Magnifying glass showing Homeland Security website.

A DHS whistleblower betrayed 4,500 ICE and Border Patrol agents by leaking their personal details to a doxxing website, igniting fears of deadly retaliation amid America’s border crisis.

Story Snapshot

  • DHS insider allegedly hands over names, emails, phone numbers, and résumés of 4,500 agents to ICE List founder Dominick Skinner.
  • Leak follows fatal shooting of DHS employee Renee Good, which Skinner calls the breaking point for government dissenters.
  • Agents face 8,000% surge in death threats and 1,347% rise in assaults, per DHS leaders.
  • ICE List, launched in June 2025, now lists about 10,000 individuals using AI verification.
  • Rep. Masha Blackburn pushes Protecting Law Enforcement from Doxxing Act to counter such threats.

Whistleblower Leak Exposes Agent Vulnerabilities

Dominick Skinner, an Irish national in the Netherlands, runs ICE List with a three-person team. The site launched in June 2025 during Trump administration immigration crackdowns. It initially listed 2,000 agents and staff, including 8,000 frontline enforcers. Skinner uses AI to verify identities. The platform drew one million views by October 2025. Skinner spoke to El País about operations then.

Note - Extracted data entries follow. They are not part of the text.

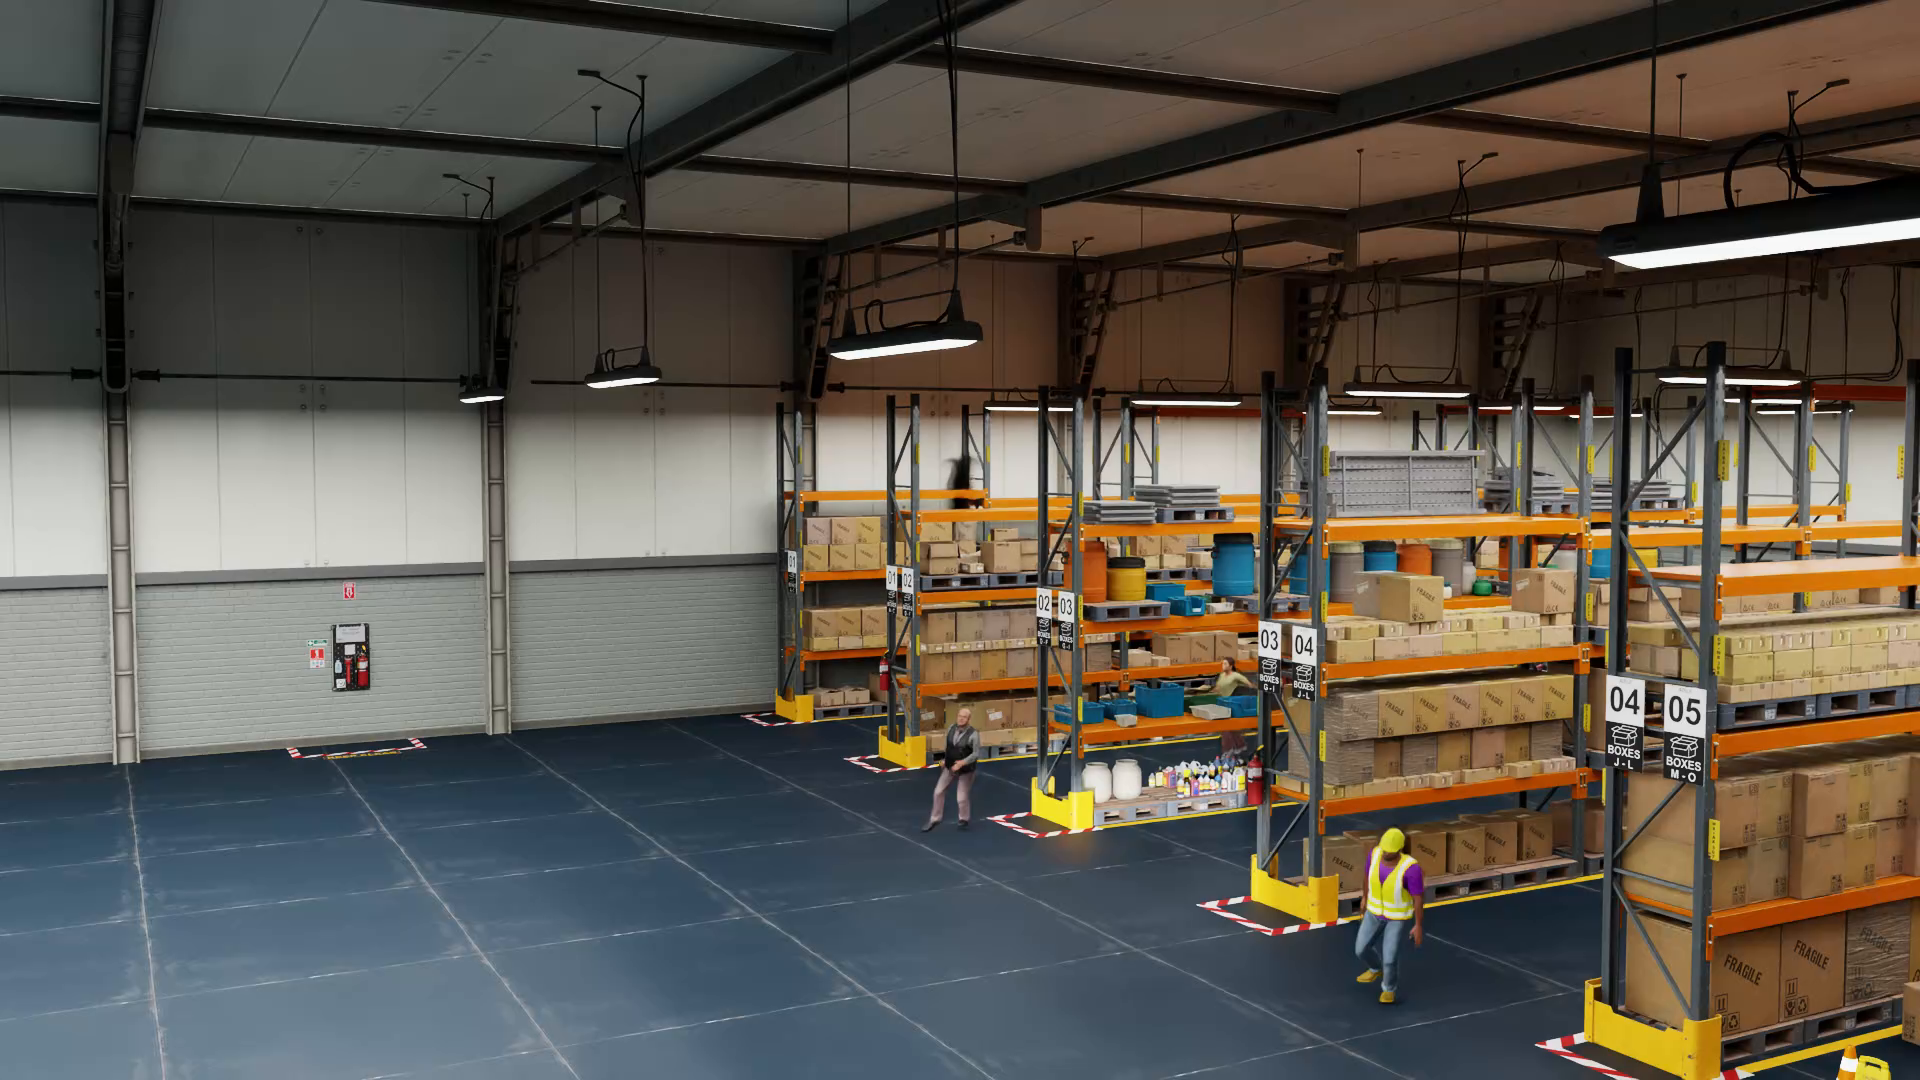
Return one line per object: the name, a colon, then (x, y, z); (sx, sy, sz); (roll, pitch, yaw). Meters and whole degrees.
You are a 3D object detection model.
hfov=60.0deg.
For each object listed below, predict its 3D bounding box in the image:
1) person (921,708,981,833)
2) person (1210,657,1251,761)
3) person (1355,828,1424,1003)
person: (-0.060, 3.051, 22.131); (0.791, 1.668, 0.783); (2, 4, 26)
person: (4.460, 2.779, 27.436); (0.801, 1.713, 0.562); (-2, 4, -34)
person: (3.958, 3.438, 15.321); (0.795, 1.680, 0.679); (3, 4, 41)
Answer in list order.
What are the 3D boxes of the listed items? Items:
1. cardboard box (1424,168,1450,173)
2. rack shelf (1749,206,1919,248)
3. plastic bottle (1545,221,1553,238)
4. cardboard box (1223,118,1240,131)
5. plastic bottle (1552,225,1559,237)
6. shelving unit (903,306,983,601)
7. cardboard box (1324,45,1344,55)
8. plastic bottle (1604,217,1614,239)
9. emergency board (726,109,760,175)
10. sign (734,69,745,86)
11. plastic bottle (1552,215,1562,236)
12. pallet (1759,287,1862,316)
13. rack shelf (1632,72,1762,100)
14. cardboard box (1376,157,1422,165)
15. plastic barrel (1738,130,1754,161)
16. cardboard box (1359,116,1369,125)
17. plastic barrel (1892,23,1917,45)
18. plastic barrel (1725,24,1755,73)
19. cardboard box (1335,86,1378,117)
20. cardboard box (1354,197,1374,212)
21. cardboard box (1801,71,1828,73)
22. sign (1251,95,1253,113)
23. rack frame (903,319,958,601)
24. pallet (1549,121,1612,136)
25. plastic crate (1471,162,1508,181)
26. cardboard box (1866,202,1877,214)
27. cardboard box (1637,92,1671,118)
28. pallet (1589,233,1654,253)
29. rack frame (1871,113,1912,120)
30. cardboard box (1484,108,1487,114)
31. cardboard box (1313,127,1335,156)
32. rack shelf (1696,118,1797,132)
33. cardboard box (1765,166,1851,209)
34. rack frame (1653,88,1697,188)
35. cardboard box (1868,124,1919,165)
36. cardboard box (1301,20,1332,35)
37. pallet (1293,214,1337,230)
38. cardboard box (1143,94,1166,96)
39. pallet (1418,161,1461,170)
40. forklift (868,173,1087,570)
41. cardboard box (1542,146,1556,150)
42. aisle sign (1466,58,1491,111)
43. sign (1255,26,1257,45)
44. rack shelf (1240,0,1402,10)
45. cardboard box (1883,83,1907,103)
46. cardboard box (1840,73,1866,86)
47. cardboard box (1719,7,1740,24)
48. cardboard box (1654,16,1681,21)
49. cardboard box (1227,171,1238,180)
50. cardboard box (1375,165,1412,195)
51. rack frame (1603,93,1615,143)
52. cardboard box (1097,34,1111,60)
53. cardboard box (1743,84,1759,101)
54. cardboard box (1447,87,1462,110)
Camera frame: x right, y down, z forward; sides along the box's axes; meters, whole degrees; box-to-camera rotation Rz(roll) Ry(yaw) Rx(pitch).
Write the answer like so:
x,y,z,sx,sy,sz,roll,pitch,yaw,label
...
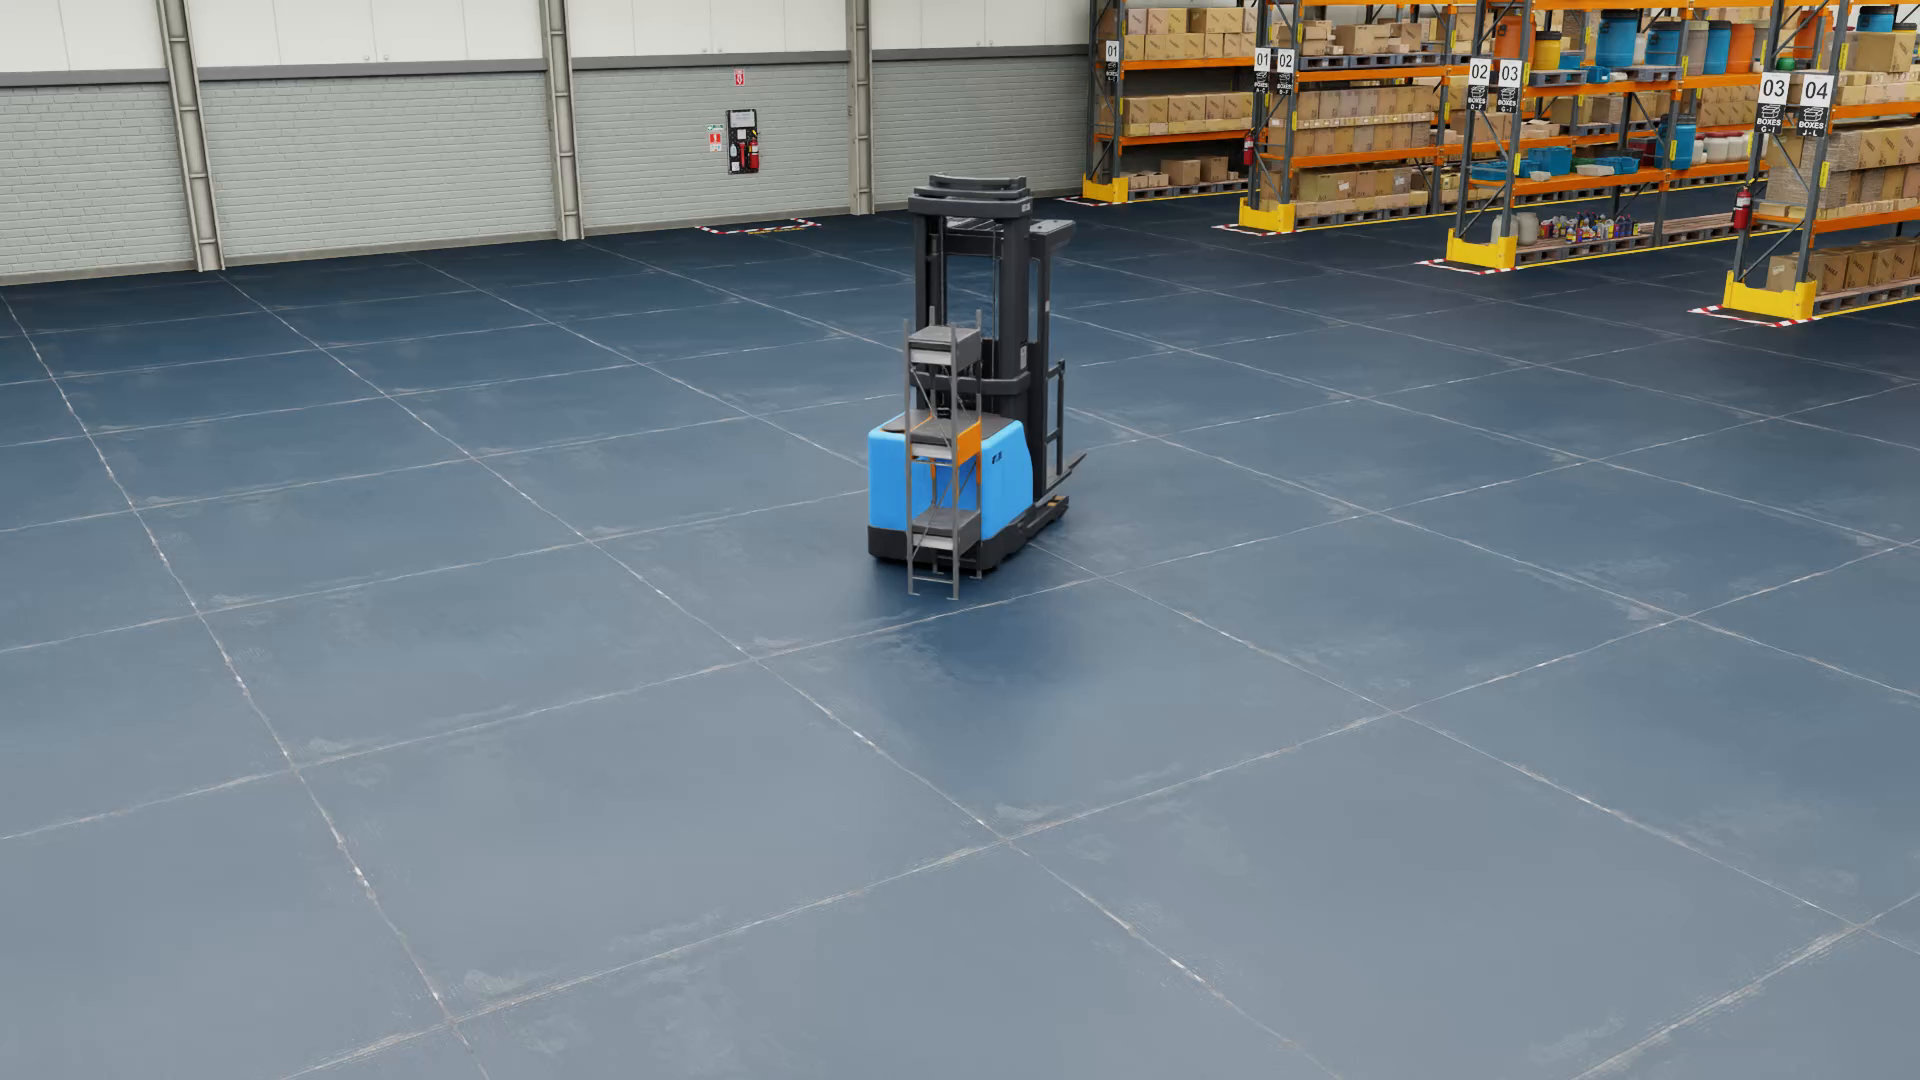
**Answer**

A DHS whistleblower contacted Skinner in January 2026. This followed Renee Good’s fatal shooting, a DHS worker. Skinner described it as the last straw for many insiders opposing enforcement policies. The whistleblower supplied data on 2,000 frontline agents and 2,500 support staff. Total now reaches roughly 10,000 entries, accounting for overlaps.

The leaked details include names, work emails, phone numbers, job roles, and résumé histories with past employment. Agents’ families now risk identification. DHS reports operational security breaches from public access to contact info. Internal morale suffers as dissent surfaces publicly.

Escalating Threats to Frontline Enforcers

Secretary Kristi Noem and Assistant Secretary Tricia McLaughlin warn anti-ICE protesters against sharing agent data. DHS cites an 8,000% increase in death threats and 1,347% rise in assaults on agents. This leak amplifies dangers during heightened border enforcement. Agents patrol amid protests and activism.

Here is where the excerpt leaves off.